La Cour suprême a clairement dit dans l'arrêt Baker, précité, que la norme de contrôle qu'il convient d'appliquer aux demandes fondées sur des motifs d'ordre humanitaire est celle du caractère raisonnable. Par conséquent, si la décision contestée est fondée sur des motifs qui peuvent soutenir un examen assez approfondi, la Cour n'est pas habilitée à modifier la décision.

[14]            En examinant la décision de l'agente d'immigration de refuser la demande fondée sur des raisons d'ordre humanitaire, j'applique la norme de la décision raisonnable.

Questions en litige

L'agente d'immigration a-t-elle à tort fait obstacle à l'exercice de son pouvoir discrétionnaire?

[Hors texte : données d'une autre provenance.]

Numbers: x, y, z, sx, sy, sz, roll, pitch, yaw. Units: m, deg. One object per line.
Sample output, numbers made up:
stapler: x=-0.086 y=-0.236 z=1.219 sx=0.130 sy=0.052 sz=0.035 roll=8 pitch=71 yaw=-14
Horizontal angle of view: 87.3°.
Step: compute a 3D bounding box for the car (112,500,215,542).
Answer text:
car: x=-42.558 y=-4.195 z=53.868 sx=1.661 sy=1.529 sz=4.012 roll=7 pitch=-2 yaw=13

[15]            Le demandeur soutient que l'agente d'immigration a à tort fait obstacle à l'exercice de son pouvoir discrétionnaire. Dans les motifs de sa décision, l'agente d'immigration fait l'observation suivante :

[TRADUCTION]

J'ai analysé les éléments des motifs fournis par les membres de la section du statut pour justifier leur décision, de même que les éléments de l'opinion sur le risque fournie par l'ARRR, ainsi que le contenu de toute cette affaire. Je conclus que l'opinion positive concernant le risque ne l'emporte pas sur les facteurs négatifs de cette affaire.


[16]            Le demandeur soutient que le passage ci-dessus indique que l'agente d'immigration, quand elle a décidé de la demande fondée sur des raisons d'ordre humanitaire selon son bien-fondé, s'est appuyée à tort sur l'analyse et le raisonnement des décisions antérieures prises par la section du statut et l'ARRR, plutôt que d'examiner de façon indépendante la preuve dont elle était saisie, ce qu'elle était tenue de faire.

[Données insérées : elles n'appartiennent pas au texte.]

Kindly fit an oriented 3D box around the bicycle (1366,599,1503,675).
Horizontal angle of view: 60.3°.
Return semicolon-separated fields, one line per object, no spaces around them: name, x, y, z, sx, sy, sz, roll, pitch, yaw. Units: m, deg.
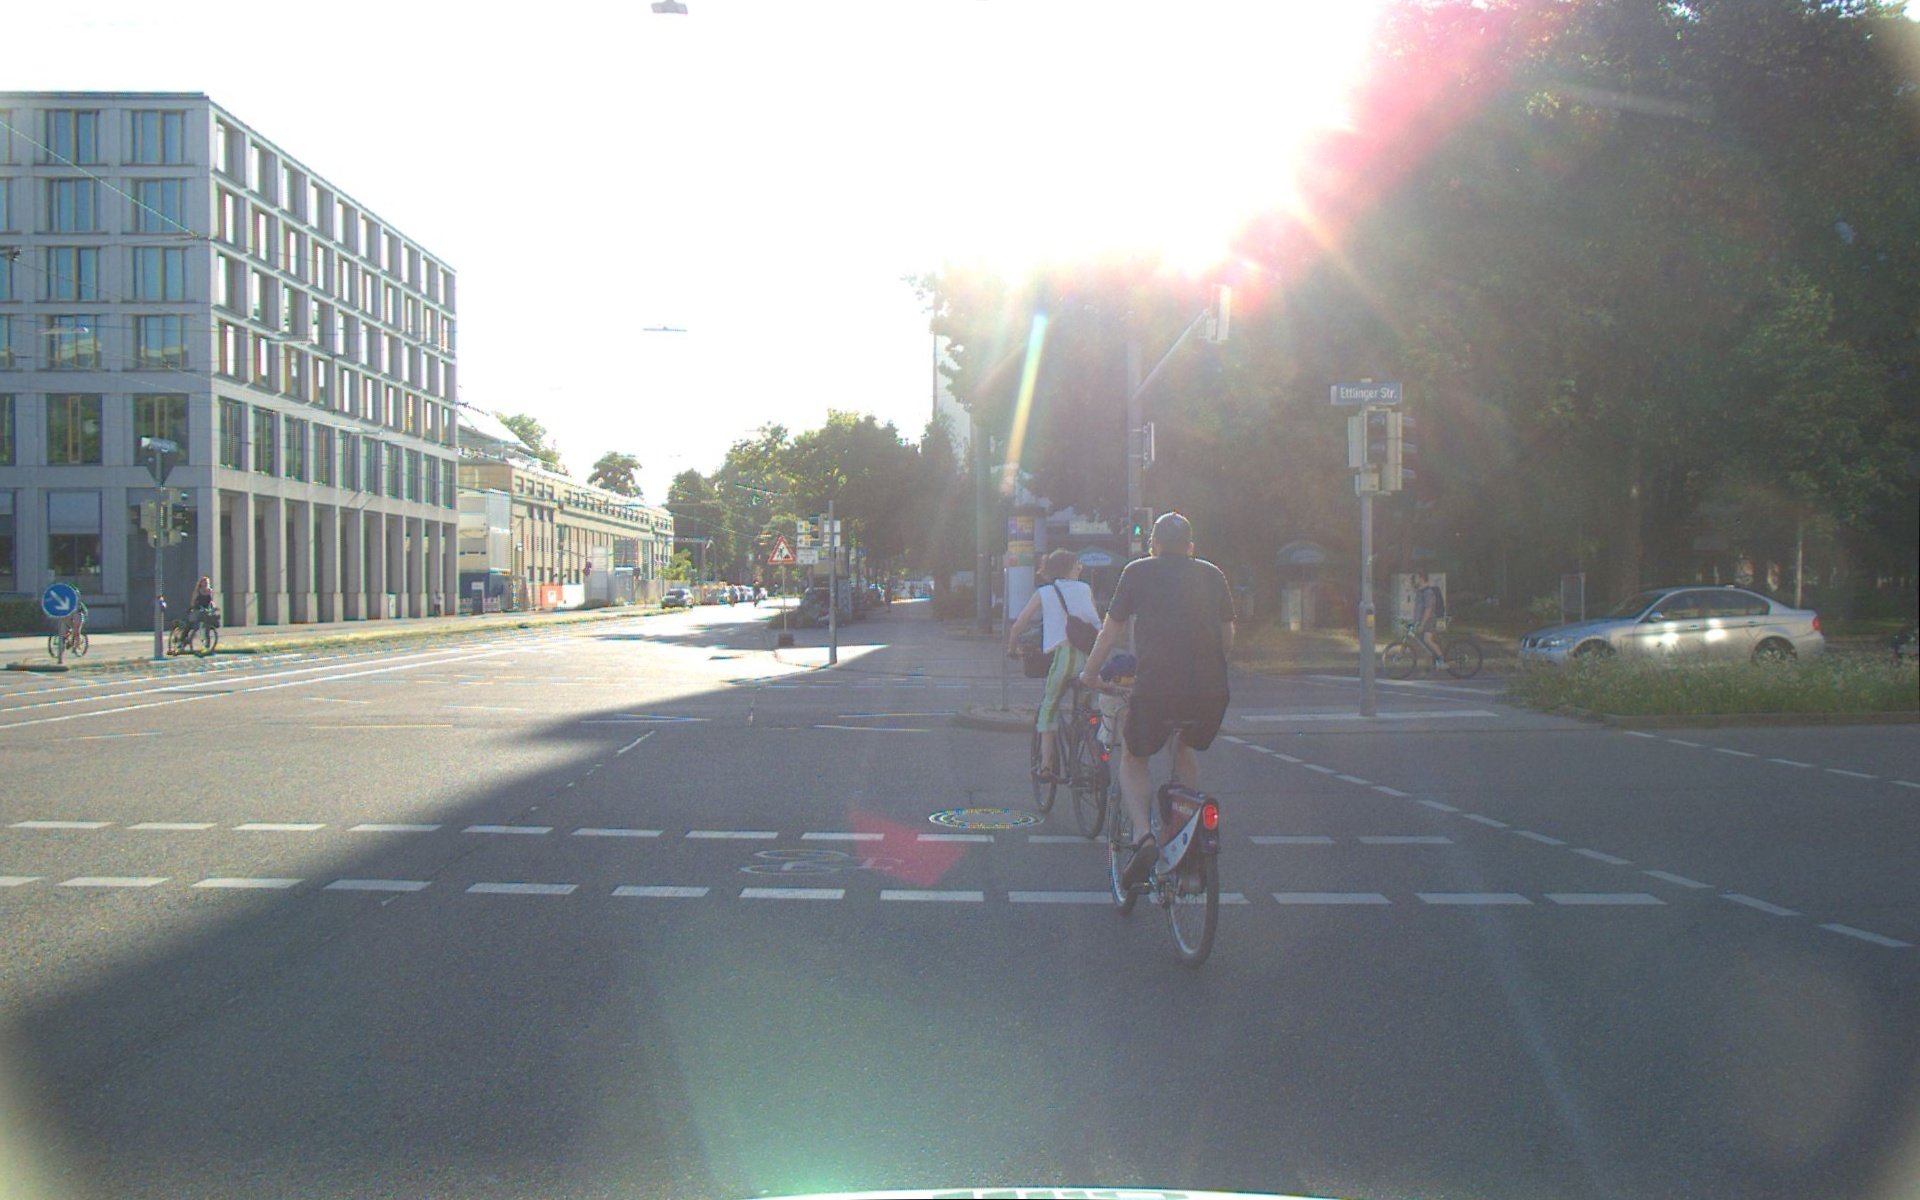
bicycle;8.056;0.631;28.184;2.194;1.261;0.779;-1;0;14

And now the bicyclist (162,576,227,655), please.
bicyclist;-16.365;0.323;35.354;0.951;1.647;0.851;-1;0;28

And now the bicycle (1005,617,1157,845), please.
bicycle;0.725;0.764;10.640;0.760;1.261;2.312;1;0;-1

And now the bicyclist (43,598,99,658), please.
bicyclist;-21.267;0.659;39.600;0.807;1.385;0.972;-1;0;-1

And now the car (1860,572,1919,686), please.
car;16.526;0.405;25.290;4.442;1.705;2.000;-1;0;-1

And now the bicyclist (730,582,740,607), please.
bicyclist;-16.597;-0.404;121.851;0.622;1.885;0.783;-1;0;-1

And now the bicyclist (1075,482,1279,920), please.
bicyclist;0.916;0.413;7.169;0.737;1.774;0.838;1;-1;-1

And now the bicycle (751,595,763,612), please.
bicycle;-14.307;0.213;116.733;0.647;1.176;1.808;-1;0;-1

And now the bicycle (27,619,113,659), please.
bicycle;-21.268;0.923;39.575;0.823;0.866;2.335;-1;0;-1

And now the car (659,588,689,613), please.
car;-23.450;0.004;135.807;1.954;2.004;3.997;-1;0;-3

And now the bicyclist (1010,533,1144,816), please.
bicyclist;0.729;0.457;10.580;0.757;1.720;0.925;1;0;-1

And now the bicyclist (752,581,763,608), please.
bicyclist;-14.326;-0.384;116.813;0.650;1.885;0.783;-1;0;-1

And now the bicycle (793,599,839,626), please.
bicycle;-5.144;0.436;58.889;1.571;0.904;0.768;-1;0;-10

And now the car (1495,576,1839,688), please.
car;10.803;0.466;25.506;4.442;1.588;2.000;-1;0;-1

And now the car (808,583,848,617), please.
car;-5.937;-0.018;74.744;1.664;1.453;3.997;-1;0;-3

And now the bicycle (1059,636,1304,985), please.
bicycle;0.903;0.821;7.286;0.760;1.261;2.020;1;0;-1

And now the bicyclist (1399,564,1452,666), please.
bicyclist;7.937;0.257;28.215;0.818;1.708;0.784;-1;-1;13

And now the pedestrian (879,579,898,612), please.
pedestrian;-3.859;-0.232;89.389;0.770;1.771;0.889;-1;0;-20

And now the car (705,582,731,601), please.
car;-22.120;-0.764;151.162;1.954;1.668;3.997;-1;0;-3

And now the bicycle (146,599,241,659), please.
bicycle;-16.395;0.616;35.376;1.969;1.252;0.845;-1;0;28

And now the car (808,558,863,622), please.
car;-6.050;-0.495;81.080;2.540;3.004;5.085;-1;0;-3

[17]            L'argument présenté par le demandeur sur ce point ne me convainc pas. Dans ses motifs, qui couvrent 12 pages à interligne simple, l'agente d'immigration a examiné toutes les preuves dont elle était saisie avant de prendre sa décision. Le simple fait qu'elle ait fait référence aux éléments des décisions de la section du statut et de l'ARRR ne signifie pas qu'elle n'a pas examiné de façon indépendante la preuve dont elle était saisie en l'espèce.

L'agente d'immigration avait-elle un préjugé contre le demandeur?

[18]            Le demandeur fait valoir que l'agente d'immigration avait un préjugé contre lui. Il prétend que le préjugé ressort clairement des motifs de l'agente d'immigration qui, selon lui, attache une importance non méritée à des faits défavorables à la revendication du demandeur, et qu'elle a examiné de façon très succincte la preuve qui lui était favorable.

[19]            La prétention du demandeur sur ce point est essentiellement un argument selon lequel l'agente d'immigration a mal pondéré la preuve dont elle était saisie. Toutefois, dans une affaire de contrôle judiciaire, il n'appartient pas à la présente Cour d'évaluer comment l'agent d'immigration a pondéré la preuve. Au contraire, dans une procédure de contrôle d'une décision fondée sur des motifs d'ordre humanitaire, la Cour ne peut intervenir que s'il est démontré que la décision de l'agente d'immigration est déraisonnable parce qu'elle a commis une erreur de droit, qu'elle a agi de mauvaise foi ou qu'elle a appliqué un mauvais principe (voir Tartchinska, précitée). Je ne suis pas convaincu que la décision de l'agente était déraisonnable en l'espèce.


L'agente d'immigration a-t-elle commis une erreur en ne communiquant pas l'évaluation du risque faite par l'ARRR au demandeur?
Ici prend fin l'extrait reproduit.